Forget the Splits Focus on Mobility and Strength.

 
 

It’s heartening to see that ‘Scientists are questioning whether stretching is as essential as we think”.

Since studying Professor Stuart Mc Gill’s work on Low Back Disorders, I have changed my approach to exercise. I used to be a fan of yoga for all. However, I have come to see how a personally appropriate mix of mobility and stability supported by a strong muscular system and an understanding of how our bodies are designed to move, stand, carry, lift and pull, is essential. 

“There may be more efficient ways to improve flexibility than pulling yourself into awkward positions. And for people with little time to exercise, ditching the stretches could free up time for something more effective.”

As Nuzzo says, “resistance training, you will not only improve your flexibility, but you will also improve your muscle strength and power and muscle endurance, maybe even improve cardiovascular-related outcomes so you get more bang for your buck”.

Enjoy the full article below.

Keep moving and stay strong

Ophelia

 

Is flexibility important? Why yoga may not be worth it.

Scientists are questioning whether stretching is as essential as we think.

There’s always that one person at the front of the yoga class. Leg behind her head, smiling serenely while you grunt and strain to reach your toes. Flexibility not only looks impressive, but it has long been held up as a vital ingredient of any fitness regimen. Ask anyone in a yoga class why they’re there and that will be a key goal.

But if we can’t touch our toes or contort our bodies into a convincing downward dog, should we be worried? Is flexibility really that important? And, crucially, is stretching the best way to achieve it? It turns out that even among sports scientists there is little agreement.

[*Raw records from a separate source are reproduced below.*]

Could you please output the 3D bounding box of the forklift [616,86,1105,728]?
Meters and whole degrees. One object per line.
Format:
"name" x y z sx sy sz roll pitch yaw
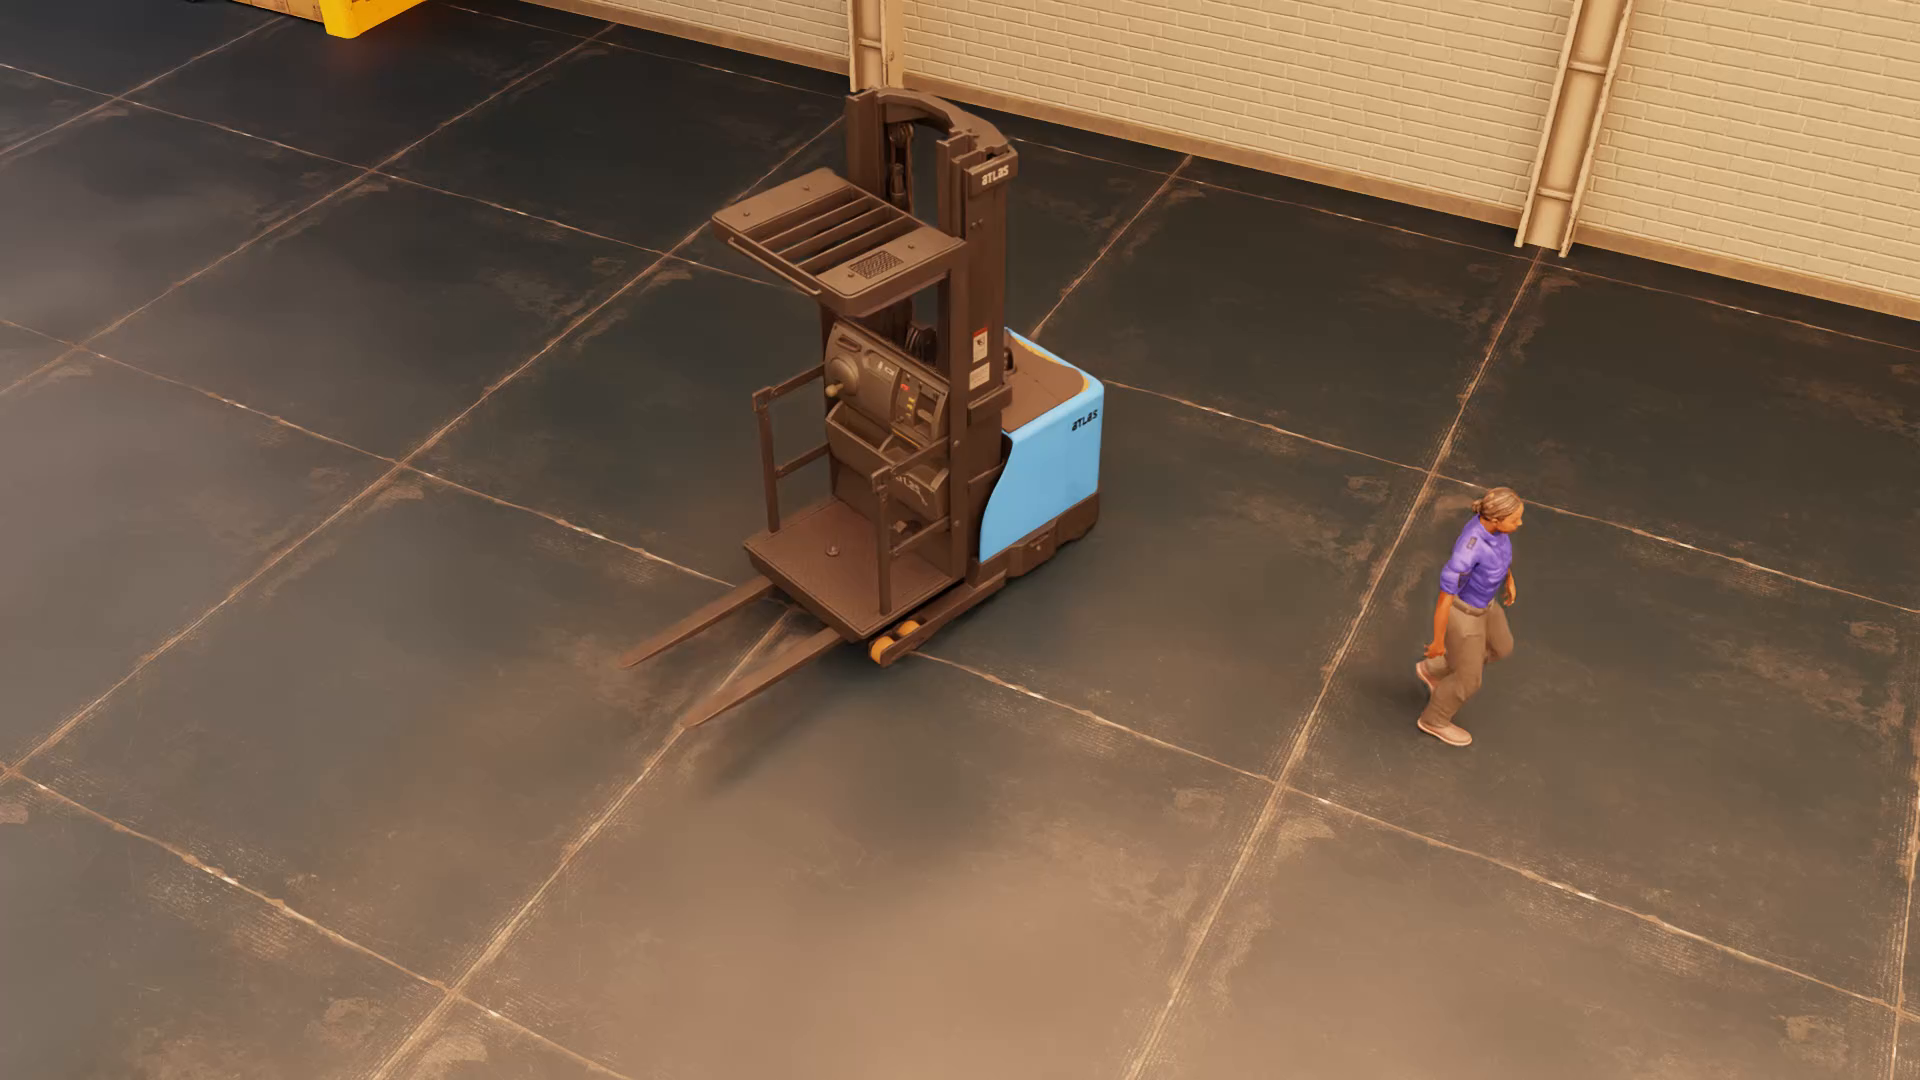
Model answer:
"forklift" -0.558 -0.789 8.923 3.031 2.935 1.130 -31 49 -32

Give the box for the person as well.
"person" 2.634 0.376 8.547 0.463 1.640 0.629 19 44 22

First, the obvious part: stretching feels good. We, and many other species of animals, spontaneously stretch after sitting or lying around for a while, a reflex called “pandiculation”, which is thought to wake up the body and prepare it for action. Remembering to stop and pandiculate every now and then is not only a good way to relieve tension, it can also prevent chronic pain such as the aches and pains you get from sitting at a keyboard all day.

“You can get elbow pain because there is always tension on the muscle,” says Markus Tilp, an exercise scientist at the University of Graz in Austria, “while the pectoralis muscle in the chest gets shorter because you always have your arms in front of you. Stretching these muscles helps.”

Tilp was among the first scientists to show exactly what happens to the muscles and other tissues when we pull ourselves into a stretch. Incredibly, this basic piece of information wasn’t understood until the mid to late 2000s. Using ultrasound, Tilp showed that when we stretch, “both the tendon and the muscle elongates by about 5 to 10 per cent depending on the muscle”.

This effect is, sadly, temporary, which is why we stiffen up as soon as we get back to our desks. But as other studies have shown, and many yogis can attest, regular stretching can increase range of motion for the longer term. Only a handful of studies have looked at what happens in the muscles when someone stretches regularly over long periods. However, Tilp says, there is little evidence to suggest that the muscles themselves keep getting longer. Instead, it seems that the nervous system gradually learns that it is safe to allow the joint to extend further and release a little more slack.

Whether it’s worth taking the time and effort to do this is another matter. The short answer seems to be: it depends. How flexible your body needs to be depends very much on what you plan to do with it. And while most of us will never need to do the splits, there is some evidence that our increasingly sedentary lifestyles are chipping away at the basic flexibility we need. A study published in February found that people who sat for more than four hours a day had hip joints that were significantly less flexible than those who were more active. Over time, this stiffening up could be enough to make the most sedentary people more unsteady on their feet and more at risk of falling.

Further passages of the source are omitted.